Skilled developers build muscle memory and navigate the terminal effortlessly, instantly recalling commands and aliases. But what if we could make things.. a lot less precise?
Introducing Talk To Your Terminal - a new, wildly unpredictable way to interact with your computer. Using your voice, you can finally express joy and frustration at your terminal in a natural manner.
2025-05-06_ttyt.mov
You'll need:
- A DeepGram API key for speech-to-text. Deepgram provides 200 USD of free credits, which is enough for many hours of work.
- PortAudio for (cross-platform) audio playback, also available as Homebrew.
- LM Studio, plus your favorite local model.

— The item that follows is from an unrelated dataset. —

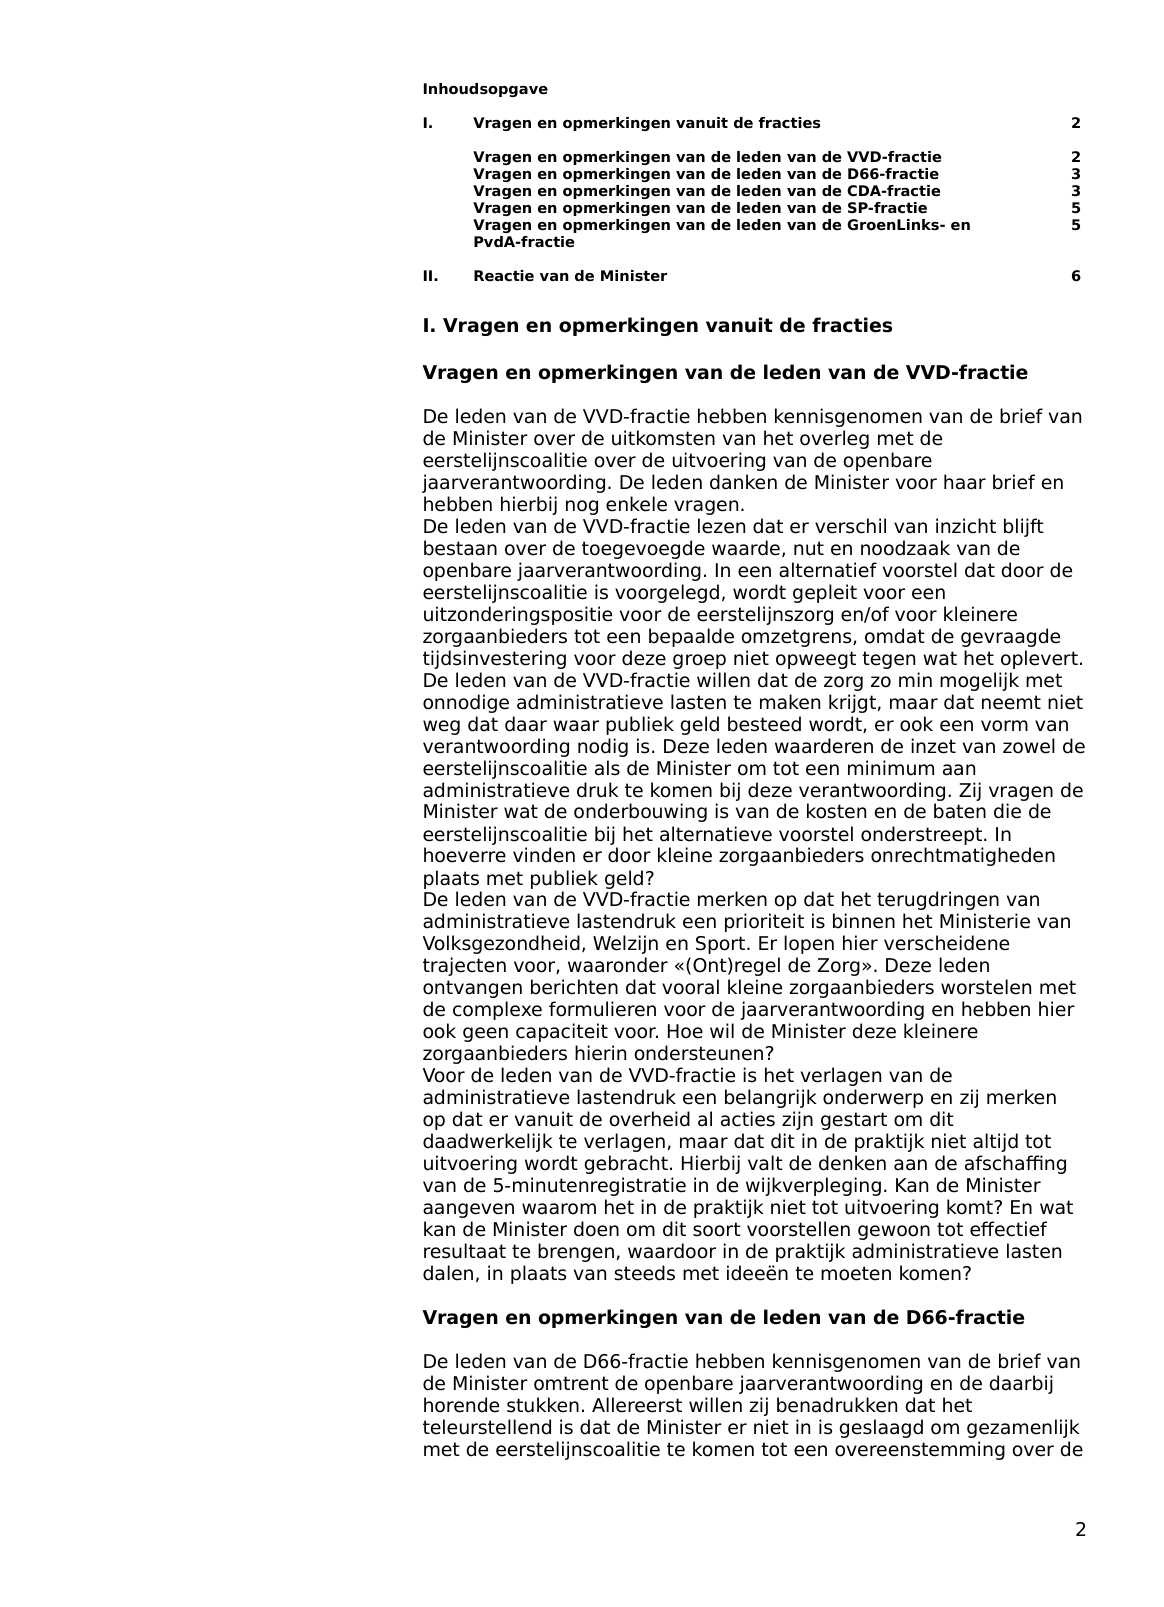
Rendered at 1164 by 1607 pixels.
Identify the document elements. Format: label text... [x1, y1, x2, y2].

pyenvto manage the python version.poetryfor dependency management.
-
Create a venv, and run setup to enter your Deepgram API key:
make create-venv make init -
Run the tests:
make test -
Run the agent:
make run -
Talk to your terminal! We try to safeguard against some destructive commands (e.g. deleting files).
The goal of this project is to learn about voice-based computer use with local (small) models, and see how far current speech models are in this domain.
Although this is not a serious contender in the race for computer use agents, there are some genuine use cases for voice-control:
- Voice provides a communication channel that does not interfere with keyboard and mouse usage. You can simultaneously talk and type.
- If you are completely unfamiliar with shell or bash, a natural language interface can show you the commands to run. Of course, you could just use the keyboard here.
- If you have a visual impairment, audio becomes the main way to read the screen. There are much better ways to use audio, such as the excellent NVDA screen reader.